◆ **What the task requires**
Using the data beneath this instruction, retype only the lines from the one that contains "#2 cat figurine [370,330,422,397]" down to the one that contains "#11 bowl [253,284,335,360]", both included, exactly as they appear.

[Stored data entries]
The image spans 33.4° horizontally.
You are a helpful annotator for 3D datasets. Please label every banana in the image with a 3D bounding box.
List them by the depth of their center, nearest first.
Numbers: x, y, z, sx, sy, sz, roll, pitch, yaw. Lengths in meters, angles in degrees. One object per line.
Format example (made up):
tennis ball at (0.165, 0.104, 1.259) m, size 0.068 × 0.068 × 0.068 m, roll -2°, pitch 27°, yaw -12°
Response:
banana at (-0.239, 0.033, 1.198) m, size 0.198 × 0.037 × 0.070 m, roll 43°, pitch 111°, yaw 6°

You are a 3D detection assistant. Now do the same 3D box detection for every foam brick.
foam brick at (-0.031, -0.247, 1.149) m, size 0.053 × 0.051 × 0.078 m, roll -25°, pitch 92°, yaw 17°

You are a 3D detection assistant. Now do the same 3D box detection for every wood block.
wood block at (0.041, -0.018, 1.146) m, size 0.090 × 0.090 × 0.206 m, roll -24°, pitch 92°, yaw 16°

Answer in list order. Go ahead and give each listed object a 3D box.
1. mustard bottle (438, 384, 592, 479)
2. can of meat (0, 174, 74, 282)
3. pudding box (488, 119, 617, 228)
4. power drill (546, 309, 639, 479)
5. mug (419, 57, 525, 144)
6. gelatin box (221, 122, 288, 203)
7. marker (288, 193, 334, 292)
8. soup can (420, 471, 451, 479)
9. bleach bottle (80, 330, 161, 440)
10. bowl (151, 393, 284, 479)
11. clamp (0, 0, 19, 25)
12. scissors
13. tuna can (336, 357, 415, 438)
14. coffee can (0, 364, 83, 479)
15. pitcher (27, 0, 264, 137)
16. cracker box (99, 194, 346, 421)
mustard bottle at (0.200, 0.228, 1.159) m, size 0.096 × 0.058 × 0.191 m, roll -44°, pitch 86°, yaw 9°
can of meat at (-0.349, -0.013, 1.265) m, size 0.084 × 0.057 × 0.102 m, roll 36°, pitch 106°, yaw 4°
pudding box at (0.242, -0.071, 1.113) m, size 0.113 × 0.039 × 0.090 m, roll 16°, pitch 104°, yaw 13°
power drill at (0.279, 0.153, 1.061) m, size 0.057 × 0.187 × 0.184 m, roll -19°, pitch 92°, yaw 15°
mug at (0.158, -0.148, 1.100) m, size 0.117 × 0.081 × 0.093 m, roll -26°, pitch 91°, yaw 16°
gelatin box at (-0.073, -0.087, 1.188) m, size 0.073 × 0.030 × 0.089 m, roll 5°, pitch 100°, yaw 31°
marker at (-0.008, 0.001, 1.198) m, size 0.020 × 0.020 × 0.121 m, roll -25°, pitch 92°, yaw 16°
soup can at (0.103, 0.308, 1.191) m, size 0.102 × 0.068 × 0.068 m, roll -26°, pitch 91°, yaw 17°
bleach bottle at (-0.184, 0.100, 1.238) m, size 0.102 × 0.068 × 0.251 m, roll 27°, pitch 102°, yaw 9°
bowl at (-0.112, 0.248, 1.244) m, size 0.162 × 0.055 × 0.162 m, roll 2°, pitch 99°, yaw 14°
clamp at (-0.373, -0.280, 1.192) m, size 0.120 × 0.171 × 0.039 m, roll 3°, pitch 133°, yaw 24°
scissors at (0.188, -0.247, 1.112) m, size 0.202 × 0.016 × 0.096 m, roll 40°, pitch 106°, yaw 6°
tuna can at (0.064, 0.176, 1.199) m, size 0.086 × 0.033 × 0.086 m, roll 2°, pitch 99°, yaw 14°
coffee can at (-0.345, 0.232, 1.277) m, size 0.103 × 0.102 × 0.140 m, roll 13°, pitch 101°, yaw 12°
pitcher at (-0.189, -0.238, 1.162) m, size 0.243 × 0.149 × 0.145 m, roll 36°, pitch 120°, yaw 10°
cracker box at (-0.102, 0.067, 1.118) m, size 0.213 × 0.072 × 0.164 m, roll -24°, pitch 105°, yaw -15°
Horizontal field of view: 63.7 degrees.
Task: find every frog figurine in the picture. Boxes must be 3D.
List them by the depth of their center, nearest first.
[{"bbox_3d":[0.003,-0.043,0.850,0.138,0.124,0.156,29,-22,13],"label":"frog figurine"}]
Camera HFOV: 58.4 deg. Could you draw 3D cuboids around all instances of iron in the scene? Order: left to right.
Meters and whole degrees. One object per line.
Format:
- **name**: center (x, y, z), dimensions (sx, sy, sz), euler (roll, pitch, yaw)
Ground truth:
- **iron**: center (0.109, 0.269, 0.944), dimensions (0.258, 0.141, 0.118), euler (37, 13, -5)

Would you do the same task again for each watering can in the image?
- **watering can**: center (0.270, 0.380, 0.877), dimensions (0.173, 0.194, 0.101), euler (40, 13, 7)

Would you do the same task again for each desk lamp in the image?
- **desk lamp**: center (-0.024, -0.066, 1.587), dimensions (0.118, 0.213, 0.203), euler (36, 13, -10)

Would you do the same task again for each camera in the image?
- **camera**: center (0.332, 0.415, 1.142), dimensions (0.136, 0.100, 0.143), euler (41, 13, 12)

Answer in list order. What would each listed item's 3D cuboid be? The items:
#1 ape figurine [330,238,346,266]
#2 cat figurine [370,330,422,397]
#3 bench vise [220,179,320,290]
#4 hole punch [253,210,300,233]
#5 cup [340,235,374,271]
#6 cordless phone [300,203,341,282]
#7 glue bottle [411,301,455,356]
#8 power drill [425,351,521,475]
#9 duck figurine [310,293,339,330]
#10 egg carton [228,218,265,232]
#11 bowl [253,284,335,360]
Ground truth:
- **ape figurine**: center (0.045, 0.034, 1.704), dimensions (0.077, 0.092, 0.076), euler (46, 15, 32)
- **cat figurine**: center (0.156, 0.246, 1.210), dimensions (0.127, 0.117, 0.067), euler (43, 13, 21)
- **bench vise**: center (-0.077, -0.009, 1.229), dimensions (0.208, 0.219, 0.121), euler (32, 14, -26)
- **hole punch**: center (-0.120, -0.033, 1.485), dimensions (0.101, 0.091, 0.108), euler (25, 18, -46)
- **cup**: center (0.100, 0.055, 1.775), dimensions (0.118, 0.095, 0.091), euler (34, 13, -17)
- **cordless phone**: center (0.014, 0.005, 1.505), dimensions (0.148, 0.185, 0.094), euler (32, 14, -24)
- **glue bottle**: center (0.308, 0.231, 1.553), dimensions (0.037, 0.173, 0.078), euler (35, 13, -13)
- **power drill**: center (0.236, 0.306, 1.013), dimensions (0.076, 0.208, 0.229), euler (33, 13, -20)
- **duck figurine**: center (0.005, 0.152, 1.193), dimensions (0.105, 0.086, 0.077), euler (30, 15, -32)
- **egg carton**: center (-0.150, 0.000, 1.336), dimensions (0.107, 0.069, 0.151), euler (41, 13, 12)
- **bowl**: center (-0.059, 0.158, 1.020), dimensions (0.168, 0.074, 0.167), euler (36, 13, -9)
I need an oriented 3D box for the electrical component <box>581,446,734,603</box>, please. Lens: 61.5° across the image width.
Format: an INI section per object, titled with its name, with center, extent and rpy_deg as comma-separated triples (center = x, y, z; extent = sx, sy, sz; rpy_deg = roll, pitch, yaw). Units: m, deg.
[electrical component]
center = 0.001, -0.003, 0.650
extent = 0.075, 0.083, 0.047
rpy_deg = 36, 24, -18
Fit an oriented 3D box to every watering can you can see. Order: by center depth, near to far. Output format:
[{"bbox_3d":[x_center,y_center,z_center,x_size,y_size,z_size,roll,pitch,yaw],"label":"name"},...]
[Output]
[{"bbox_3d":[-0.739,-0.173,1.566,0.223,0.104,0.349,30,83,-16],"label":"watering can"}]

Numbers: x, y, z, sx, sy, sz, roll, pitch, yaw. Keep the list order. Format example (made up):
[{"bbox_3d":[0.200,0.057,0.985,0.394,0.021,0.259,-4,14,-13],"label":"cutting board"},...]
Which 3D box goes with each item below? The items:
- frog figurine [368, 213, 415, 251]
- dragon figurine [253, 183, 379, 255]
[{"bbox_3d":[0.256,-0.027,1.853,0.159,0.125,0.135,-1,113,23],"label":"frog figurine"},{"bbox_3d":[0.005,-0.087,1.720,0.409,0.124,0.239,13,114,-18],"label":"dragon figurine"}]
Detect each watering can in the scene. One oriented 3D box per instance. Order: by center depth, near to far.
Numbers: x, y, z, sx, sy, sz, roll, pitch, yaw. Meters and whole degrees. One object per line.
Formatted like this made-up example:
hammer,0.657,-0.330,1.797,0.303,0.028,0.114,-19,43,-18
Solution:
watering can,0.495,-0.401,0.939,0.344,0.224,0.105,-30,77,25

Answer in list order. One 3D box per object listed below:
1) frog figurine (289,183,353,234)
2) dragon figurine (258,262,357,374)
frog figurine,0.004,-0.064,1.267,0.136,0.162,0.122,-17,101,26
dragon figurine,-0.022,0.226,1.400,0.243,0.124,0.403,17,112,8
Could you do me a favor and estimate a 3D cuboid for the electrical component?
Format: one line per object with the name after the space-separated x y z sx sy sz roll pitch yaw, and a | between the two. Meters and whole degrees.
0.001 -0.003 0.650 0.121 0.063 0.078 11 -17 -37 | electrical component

◆ **Output below**
#2 cat figurine [370,330,422,397]
#3 bench vise [220,179,320,290]
#4 hole punch [253,210,300,233]
#5 cup [340,235,374,271]
#6 cordless phone [300,203,341,282]
#7 glue bottle [411,301,455,356]
#8 power drill [425,351,521,475]
#9 duck figurine [310,293,339,330]
#10 egg carton [228,218,265,232]
#11 bowl [253,284,335,360]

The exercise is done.